Dataset records:
++++
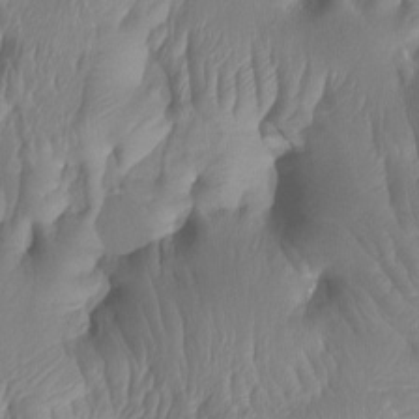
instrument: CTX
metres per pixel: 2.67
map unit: Ht
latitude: -13.8422
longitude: -44.2522
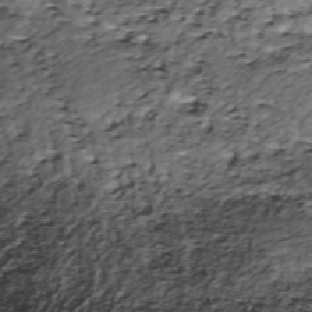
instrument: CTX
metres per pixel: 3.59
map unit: ANa
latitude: -40.6707
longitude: 103.1053
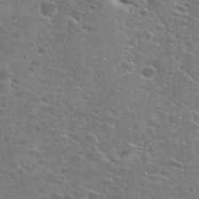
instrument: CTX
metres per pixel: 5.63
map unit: Hto
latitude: 25.7827
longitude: -49.3482
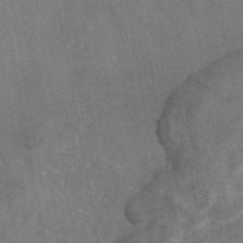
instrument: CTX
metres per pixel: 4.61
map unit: eAb
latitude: 46.4601
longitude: 113.7100
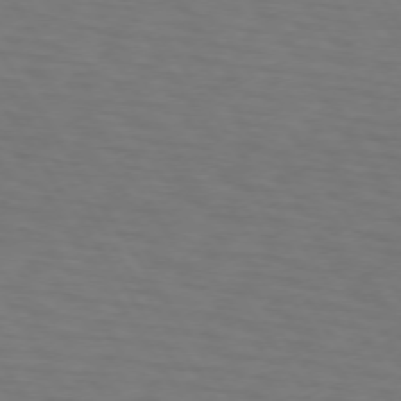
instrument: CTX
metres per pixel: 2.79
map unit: lApd
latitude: 73.0270
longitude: -75.5938
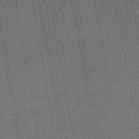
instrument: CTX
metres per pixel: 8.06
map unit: lHb
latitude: -44.6896
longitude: 70.4818
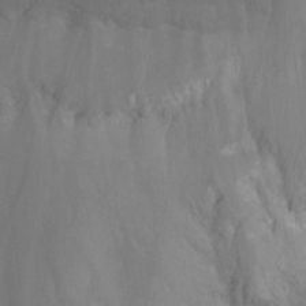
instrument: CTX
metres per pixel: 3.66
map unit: Nhu
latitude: -14.3118
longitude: -55.2159
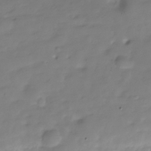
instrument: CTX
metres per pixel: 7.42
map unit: Hve
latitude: -30.2739
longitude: 91.8612
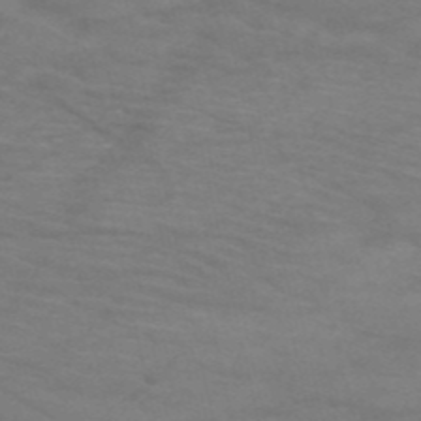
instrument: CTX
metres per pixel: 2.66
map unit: HNb
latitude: -53.2942
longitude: -45.9717
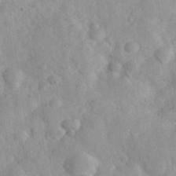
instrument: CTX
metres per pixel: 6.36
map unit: eHh
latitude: 30.7058
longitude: -71.4615
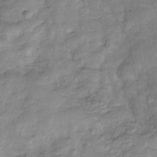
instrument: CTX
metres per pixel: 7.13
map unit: Hve
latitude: -32.3684
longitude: 89.3320
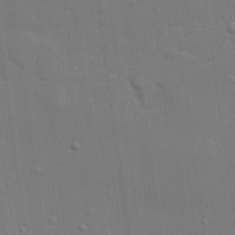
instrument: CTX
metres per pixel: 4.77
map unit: lHvf
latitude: 23.3104
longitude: 142.1038
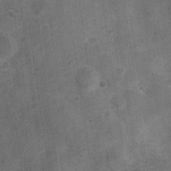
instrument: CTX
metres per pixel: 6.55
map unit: Nhu
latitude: 3.0836
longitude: -16.5545
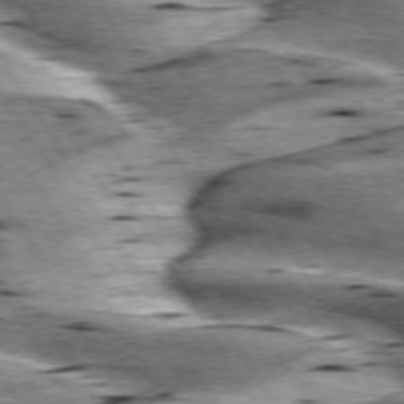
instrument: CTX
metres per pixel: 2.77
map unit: lApd
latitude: 75.6694
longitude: -59.3671
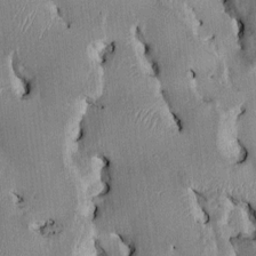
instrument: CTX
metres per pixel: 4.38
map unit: HNhu
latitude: 1.4993
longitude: -5.4804
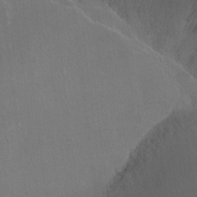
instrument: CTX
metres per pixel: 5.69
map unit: Ht
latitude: -8.5385
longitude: -38.5924
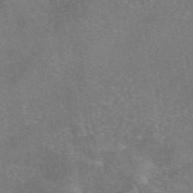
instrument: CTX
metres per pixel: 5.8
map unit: eAb
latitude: 47.1592
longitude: 102.8975
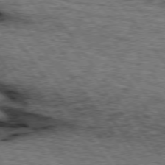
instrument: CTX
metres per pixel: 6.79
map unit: lApd
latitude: 74.2334
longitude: -73.9151
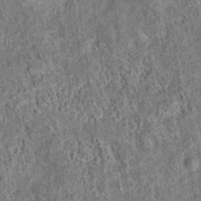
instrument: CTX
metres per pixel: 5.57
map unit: eAb
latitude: 35.5749
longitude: 114.8219
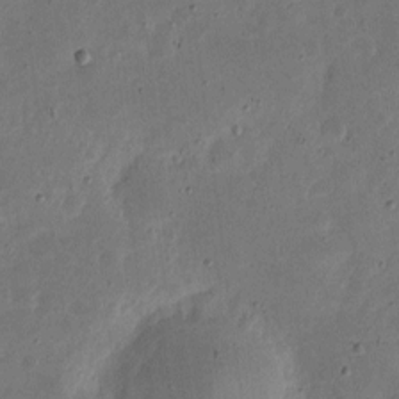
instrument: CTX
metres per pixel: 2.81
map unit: eHh
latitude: 5.1214
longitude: -71.3859
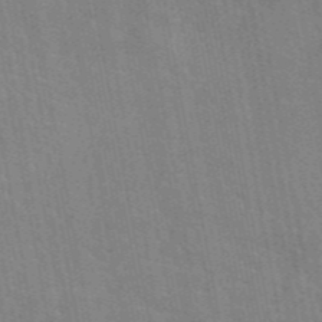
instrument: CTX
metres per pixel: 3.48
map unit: eAb
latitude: 45.4804
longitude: 122.1228
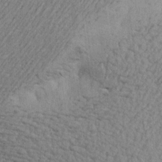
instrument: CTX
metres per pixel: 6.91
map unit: Aa
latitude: 21.0648
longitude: -144.6112
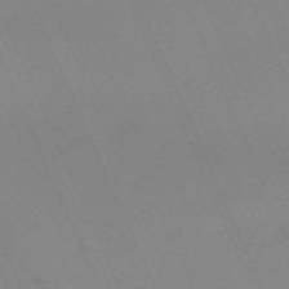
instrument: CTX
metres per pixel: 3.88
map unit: Nhu
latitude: -67.5777
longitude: 38.8786
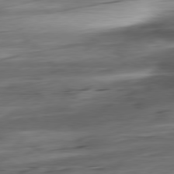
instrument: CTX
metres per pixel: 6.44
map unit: Ap
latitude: -80.3873
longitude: -68.9892
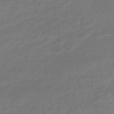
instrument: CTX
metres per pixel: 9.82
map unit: HNhu
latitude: -46.3873
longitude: 90.4629
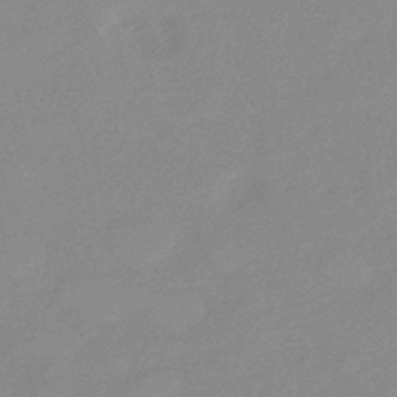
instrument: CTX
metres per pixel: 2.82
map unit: eHb
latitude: -44.9920
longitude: 85.4643
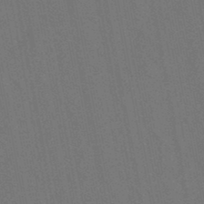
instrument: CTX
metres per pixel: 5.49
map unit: lHb
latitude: -47.9745
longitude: 69.7288
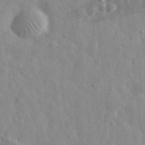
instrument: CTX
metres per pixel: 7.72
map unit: eHh
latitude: 31.9528
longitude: -71.9528
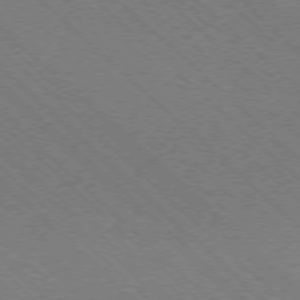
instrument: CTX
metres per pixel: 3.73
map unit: Ap
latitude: -77.2187
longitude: -65.6127
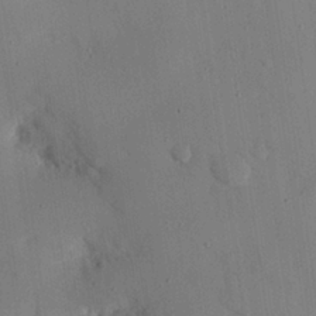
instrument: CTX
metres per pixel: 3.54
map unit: eHh
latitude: 27.4049
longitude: -79.6694
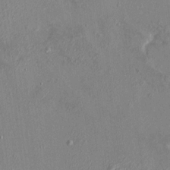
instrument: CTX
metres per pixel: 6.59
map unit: HNhu
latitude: 7.6505
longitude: 2.6896
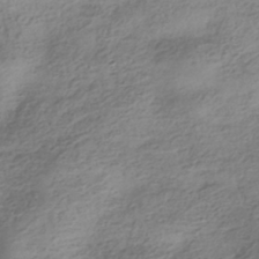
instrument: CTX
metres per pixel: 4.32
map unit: HNhu
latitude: -41.4076
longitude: 100.1416
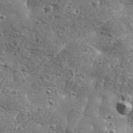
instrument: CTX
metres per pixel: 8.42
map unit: Aa
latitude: 32.8758
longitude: -134.2711
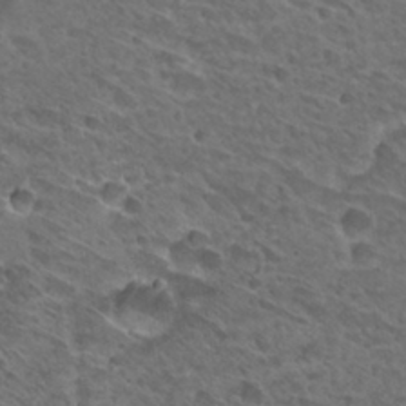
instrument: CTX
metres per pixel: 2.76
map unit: Hto
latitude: 29.1403
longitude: -39.0647
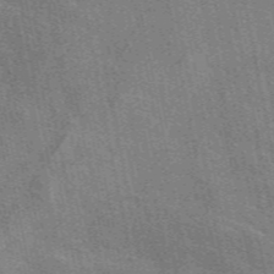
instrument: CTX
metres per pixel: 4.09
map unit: eAb
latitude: 49.2726
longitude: 116.3684
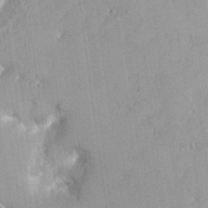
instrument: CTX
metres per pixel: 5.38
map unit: eHh
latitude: 21.1214
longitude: -71.0836
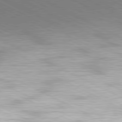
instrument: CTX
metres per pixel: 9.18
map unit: Hpe
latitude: -81.4266
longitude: 18.0661
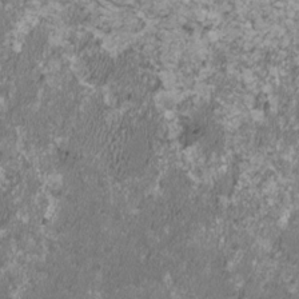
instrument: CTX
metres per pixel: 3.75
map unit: HNhu
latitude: 1.2537
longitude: -0.6112
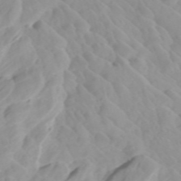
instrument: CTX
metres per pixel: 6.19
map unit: Htu
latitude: -4.9163
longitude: 137.7477
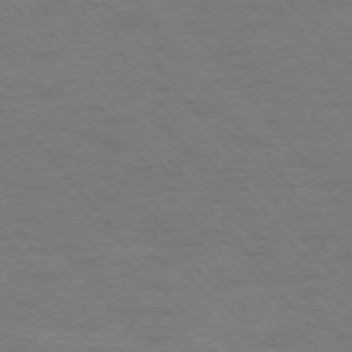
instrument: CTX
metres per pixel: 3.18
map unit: Ap
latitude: -75.9178
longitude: -69.8206
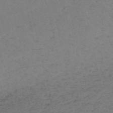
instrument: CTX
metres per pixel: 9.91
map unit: HNb
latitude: -55.7667
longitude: -41.8394
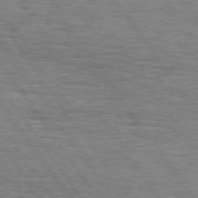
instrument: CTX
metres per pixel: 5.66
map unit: Hpe
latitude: 74.5168
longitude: -138.2711
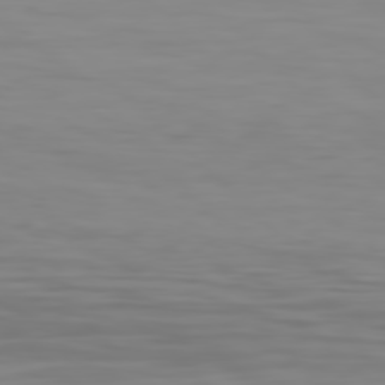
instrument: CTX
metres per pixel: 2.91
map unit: Hpe
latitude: 76.8380
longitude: -164.5735
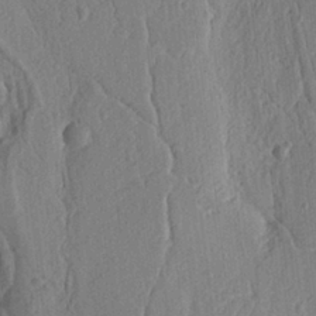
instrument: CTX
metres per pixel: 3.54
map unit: Ht
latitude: 9.5938
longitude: -76.2522
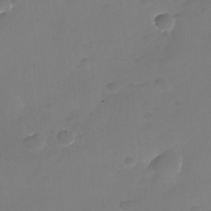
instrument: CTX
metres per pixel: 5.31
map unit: Nhu
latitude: -26.8596
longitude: -71.6127
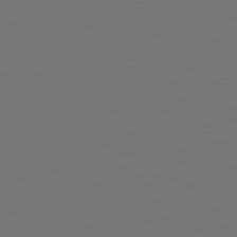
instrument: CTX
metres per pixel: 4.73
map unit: Hpe
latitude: 76.7813
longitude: -130.1200
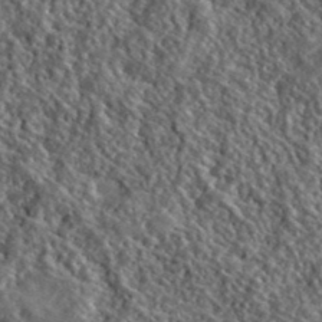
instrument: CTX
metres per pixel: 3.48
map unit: lHvf
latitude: 40.9891
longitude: -89.1970
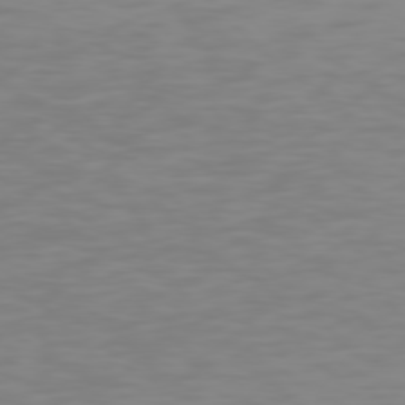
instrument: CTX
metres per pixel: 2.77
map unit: Hpe
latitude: 77.4615
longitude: -176.0255
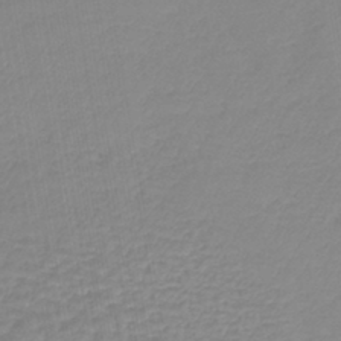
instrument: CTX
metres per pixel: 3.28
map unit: lHb
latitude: -41.7100
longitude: 73.6911
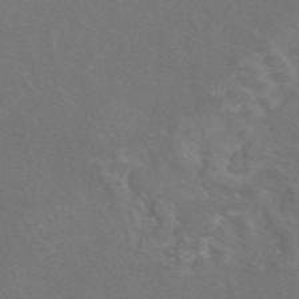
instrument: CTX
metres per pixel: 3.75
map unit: eAb
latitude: 46.6869
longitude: 109.9556
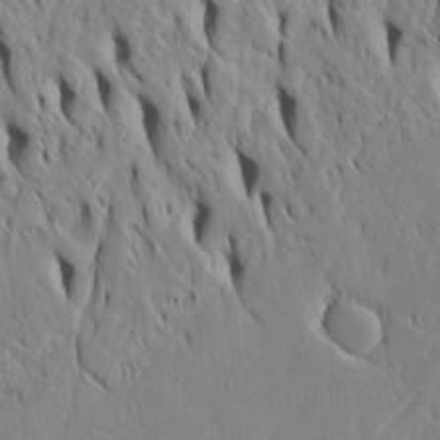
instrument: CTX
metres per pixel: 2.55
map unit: Htu
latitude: -4.7085
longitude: 152.2172
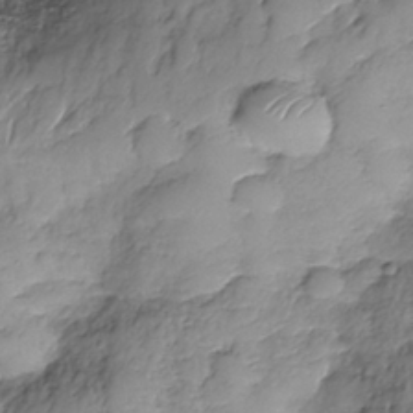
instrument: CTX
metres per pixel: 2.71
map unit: Nhe
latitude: -37.4265
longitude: -147.8584
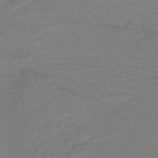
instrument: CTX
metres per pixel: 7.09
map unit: lHb
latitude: -43.0108
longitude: 52.8785
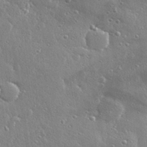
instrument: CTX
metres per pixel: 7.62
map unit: Hve
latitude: 28.9136
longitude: -92.2144
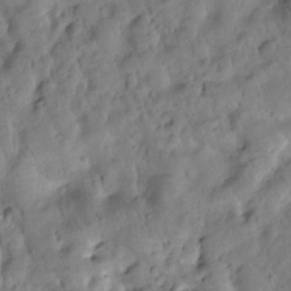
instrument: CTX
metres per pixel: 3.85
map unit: Htu
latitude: 0.9891
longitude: 174.5384
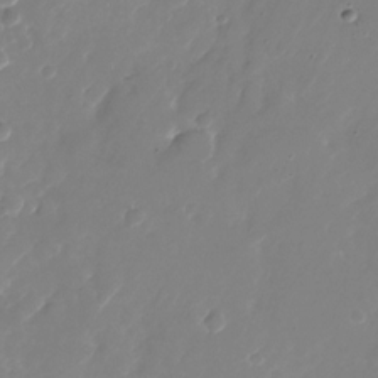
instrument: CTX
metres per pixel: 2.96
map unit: Nhu
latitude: -26.0283
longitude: -72.4790
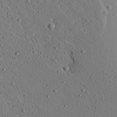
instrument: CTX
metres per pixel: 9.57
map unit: Aa
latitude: 22.2522
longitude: -140.0444
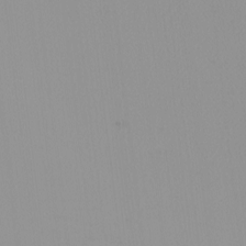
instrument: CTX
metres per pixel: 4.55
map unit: Nhu
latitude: -8.1417
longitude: -94.8758
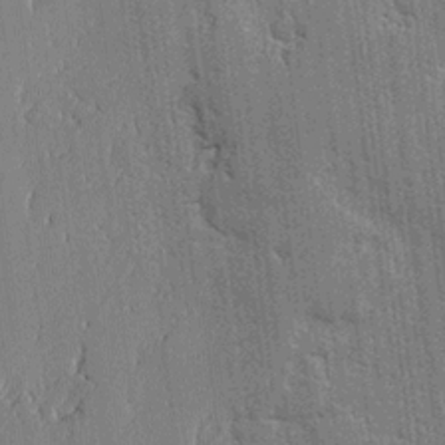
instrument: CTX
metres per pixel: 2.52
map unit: lAvf
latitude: -1.1054
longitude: -107.8772
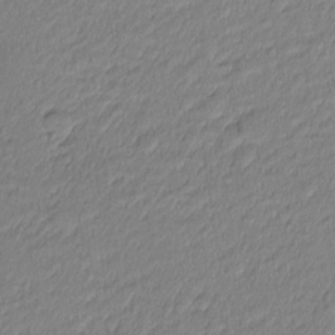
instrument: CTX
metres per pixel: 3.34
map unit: Nhu
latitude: 2.9136
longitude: -75.7261
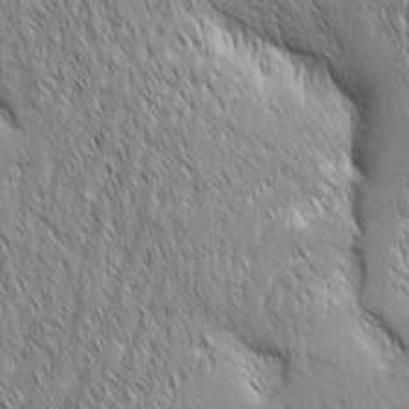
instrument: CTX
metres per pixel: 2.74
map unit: Aa
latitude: 6.6868
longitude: -129.8394
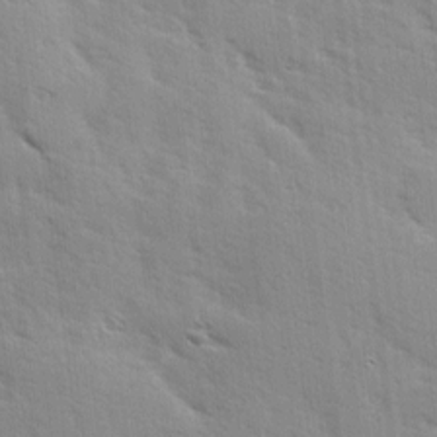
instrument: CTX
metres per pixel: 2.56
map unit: Ave
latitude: 10.5168
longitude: -102.7435
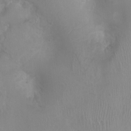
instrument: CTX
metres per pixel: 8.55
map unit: Nhu
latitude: -0.0283
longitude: -16.4034
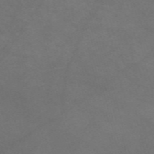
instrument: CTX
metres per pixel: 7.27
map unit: Nve
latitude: -58.3117
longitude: 59.6343
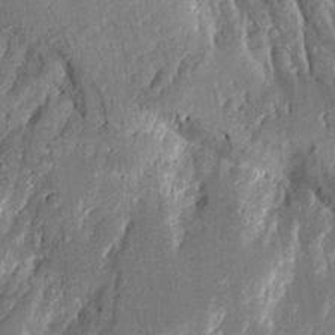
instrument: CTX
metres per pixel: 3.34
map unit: Aa
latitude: 10.7435
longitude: -125.9906
++++
● **What to work on**
Go back to the entries above and restate word for word every line from the first through the one that contains "longitude: 70.4818", leaving the pictures behind.

● **Expected answer**
instrument: CTX
metres per pixel: 2.67
map unit: Ht
latitude: -13.8422
longitude: -44.2522
instrument: CTX
metres per pixel: 3.59
map unit: ANa
latitude: -40.6707
longitude: 103.1053
instrument: CTX
metres per pixel: 5.63
map unit: Hto
latitude: 25.7827
longitude: -49.3482
instrument: CTX
metres per pixel: 4.61
map unit: eAb
latitude: 46.4601
longitude: 113.7100
instrument: CTX
metres per pixel: 2.79
map unit: lApd
latitude: 73.0270
longitude: -75.5938
instrument: CTX
metres per pixel: 8.06
map unit: lHb
latitude: -44.6896
longitude: 70.4818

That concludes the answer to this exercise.